** What you have to do **
Set every record down again exactly. Do not carry over the pictures.

** Exercise input **
·····

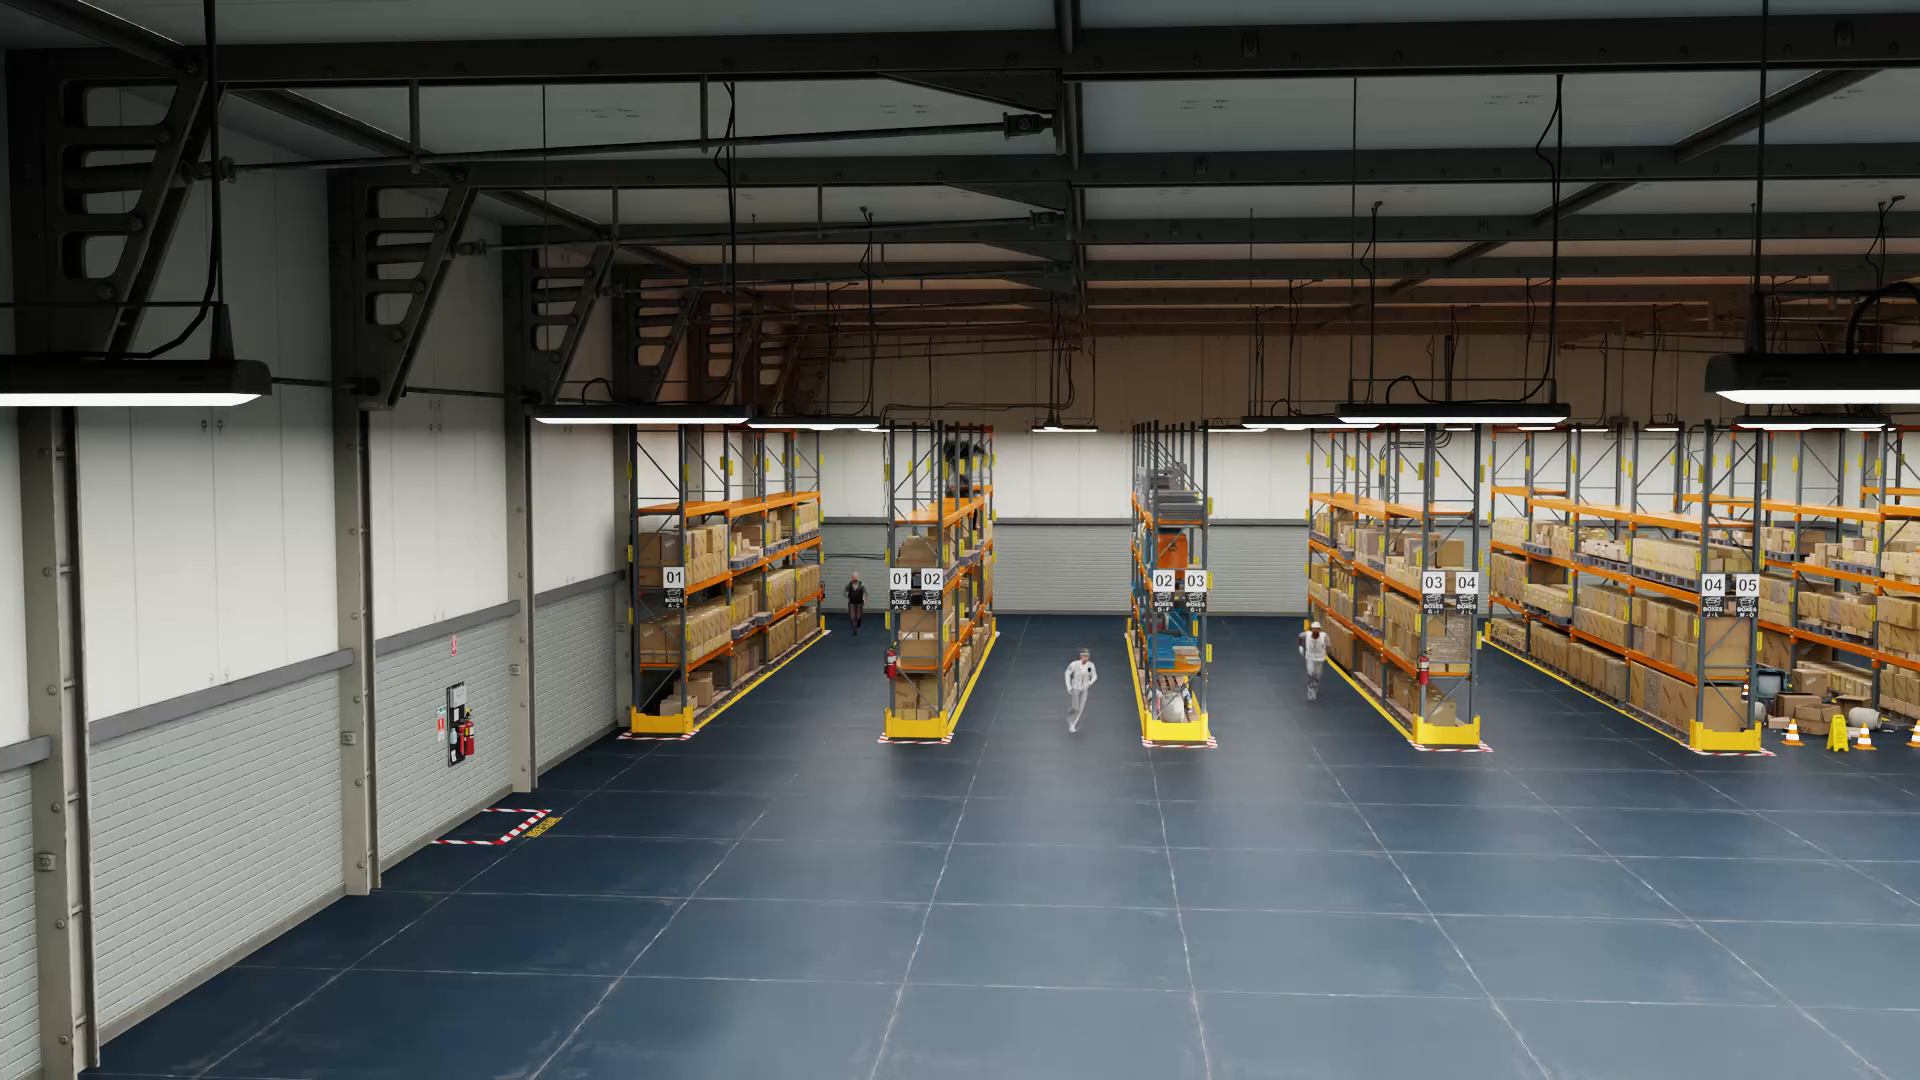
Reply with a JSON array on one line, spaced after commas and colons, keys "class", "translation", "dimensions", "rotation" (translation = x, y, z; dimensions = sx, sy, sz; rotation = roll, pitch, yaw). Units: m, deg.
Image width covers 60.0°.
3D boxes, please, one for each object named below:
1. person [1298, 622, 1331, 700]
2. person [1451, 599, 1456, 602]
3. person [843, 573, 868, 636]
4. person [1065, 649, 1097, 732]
[{"class": "person", "translation": [7.611, 2.582, 35.704], "dimensions": [0.666, 1.704, 0.910], "rotation": [0, 4, 5]}, {"class": "person", "translation": [12.018, 2.313, 40.701], "dimensions": [0.554, 1.742, 0.731], "rotation": [0, 4, 3]}, {"class": "person", "translation": [-2.850, 1.736, 45.304], "dimensions": [0.660, 1.693, 0.599], "rotation": [0, 4, -2]}, {"class": "person", "translation": [2.340, 2.892, 32.203], "dimensions": [0.593, 1.614, 0.594], "rotation": [-1, 4, -13]}]

·····

** Solution **
Reply with a JSON array on one line, spaced after commas and colons, keys "class", "translation", "dimensions", "rotation" (translation = x, y, z; dimensions = sx, sy, sz; rotation = roll, pitch, yaw). Units: m, deg.
Image width covers 60.0°.
3D boxes, please, one for each object named below:
1. person [1298, 622, 1331, 700]
2. person [1451, 599, 1456, 602]
3. person [843, 573, 868, 636]
4. person [1065, 649, 1097, 732]
[{"class": "person", "translation": [7.611, 2.582, 35.704], "dimensions": [0.666, 1.704, 0.910], "rotation": [0, 4, 5]}, {"class": "person", "translation": [12.018, 2.313, 40.701], "dimensions": [0.554, 1.742, 0.731], "rotation": [0, 4, 3]}, {"class": "person", "translation": [-2.850, 1.736, 45.304], "dimensions": [0.660, 1.693, 0.599], "rotation": [0, 4, -2]}, {"class": "person", "translation": [2.340, 2.892, 32.203], "dimensions": [0.593, 1.614, 0.594], "rotation": [-1, 4, -13]}]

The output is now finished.